Action item: Look below for the line with "1 | 5 | mug |". Retype it and every line after it to the end, exactly, but leave out the pictures.

Data:
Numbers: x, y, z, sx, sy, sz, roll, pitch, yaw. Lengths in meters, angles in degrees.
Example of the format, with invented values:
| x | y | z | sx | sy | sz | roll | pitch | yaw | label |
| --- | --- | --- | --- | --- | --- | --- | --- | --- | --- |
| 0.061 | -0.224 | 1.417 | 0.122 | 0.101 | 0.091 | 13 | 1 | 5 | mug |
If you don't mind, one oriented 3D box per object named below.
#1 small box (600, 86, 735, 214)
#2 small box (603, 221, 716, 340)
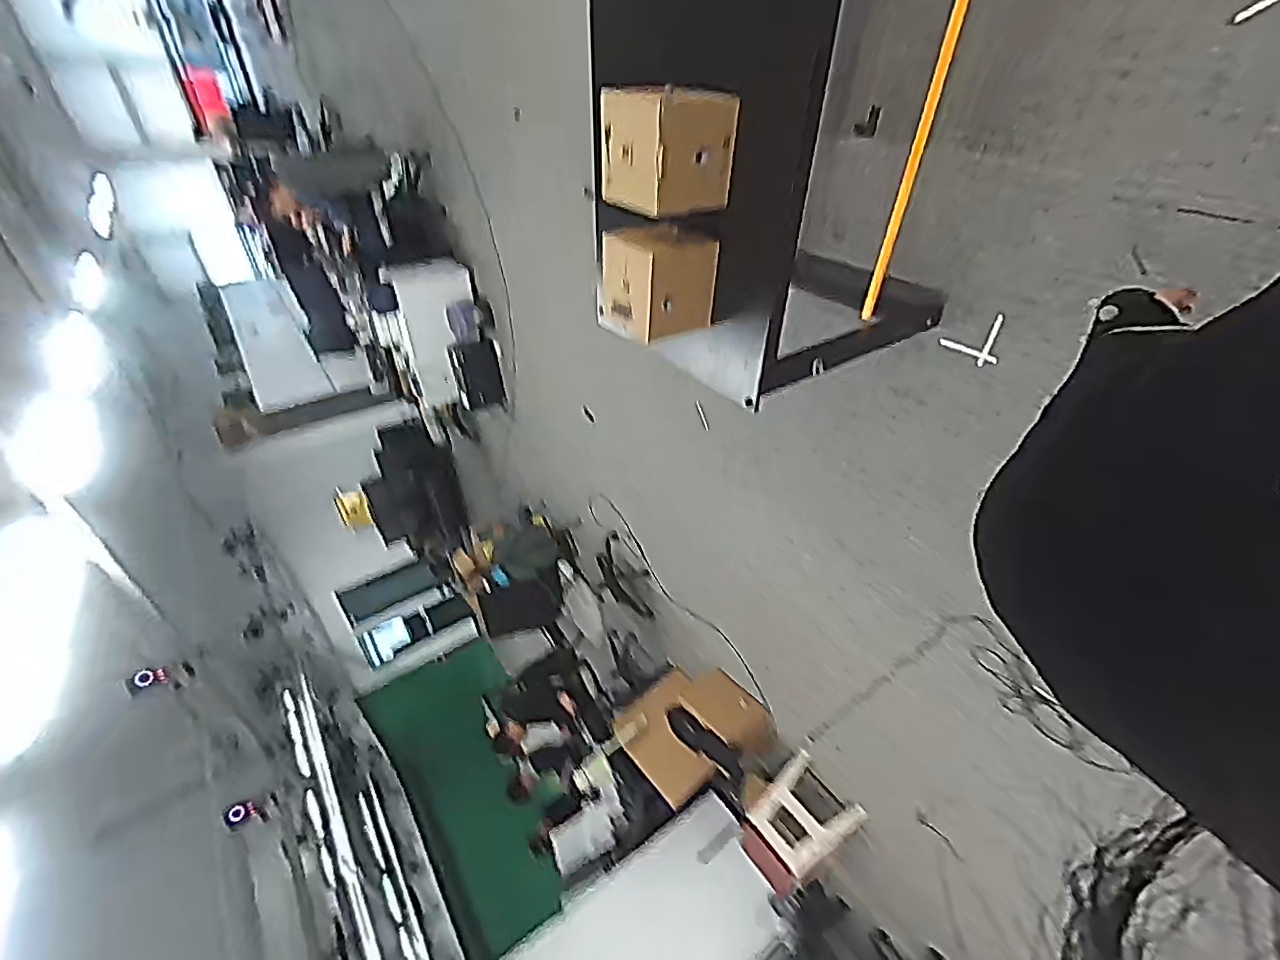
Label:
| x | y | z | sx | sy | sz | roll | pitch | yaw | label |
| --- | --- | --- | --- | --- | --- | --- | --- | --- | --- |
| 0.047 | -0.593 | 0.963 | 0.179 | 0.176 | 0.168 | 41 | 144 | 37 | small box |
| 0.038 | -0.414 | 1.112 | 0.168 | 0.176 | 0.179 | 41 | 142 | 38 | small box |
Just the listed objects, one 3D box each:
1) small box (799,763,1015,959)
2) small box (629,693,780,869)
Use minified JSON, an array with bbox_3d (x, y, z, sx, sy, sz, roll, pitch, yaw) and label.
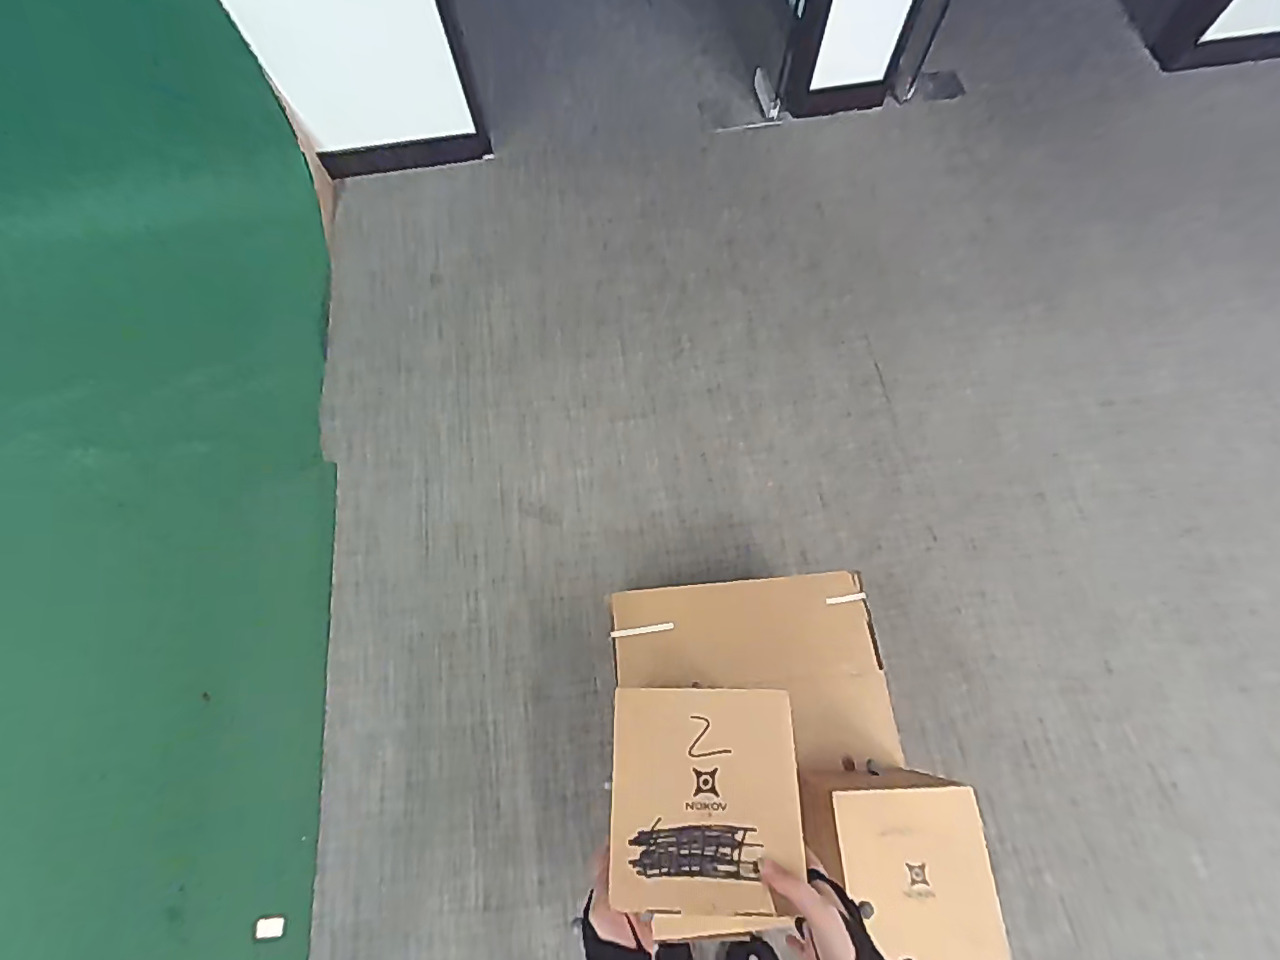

Response area:
| 0.061 | -0.224 | 1.417 | 0.122 | 0.101 | 0.091 | 13 | 1 | 5 | mug |
If you don't mind, one oriented 3D box per object named below.
#1 small box (600, 86, 735, 214)
#2 small box (603, 221, 716, 340)
Label:
| x | y | z | sx | sy | sz | roll | pitch | yaw | label |
| --- | --- | --- | --- | --- | --- | --- | --- | --- | --- |
| 0.047 | -0.593 | 0.963 | 0.179 | 0.176 | 0.168 | 41 | 144 | 37 | small box |
| 0.038 | -0.414 | 1.112 | 0.168 | 0.176 | 0.179 | 41 | 142 | 38 | small box |
Just the listed objects, one 3D box each:
1) small box (799,763,1015,959)
2) small box (629,693,780,869)
Use minified JSON, an array with bbox_3d (x, y, z, sx, sy, sz, roll, pitch, yaw) and label.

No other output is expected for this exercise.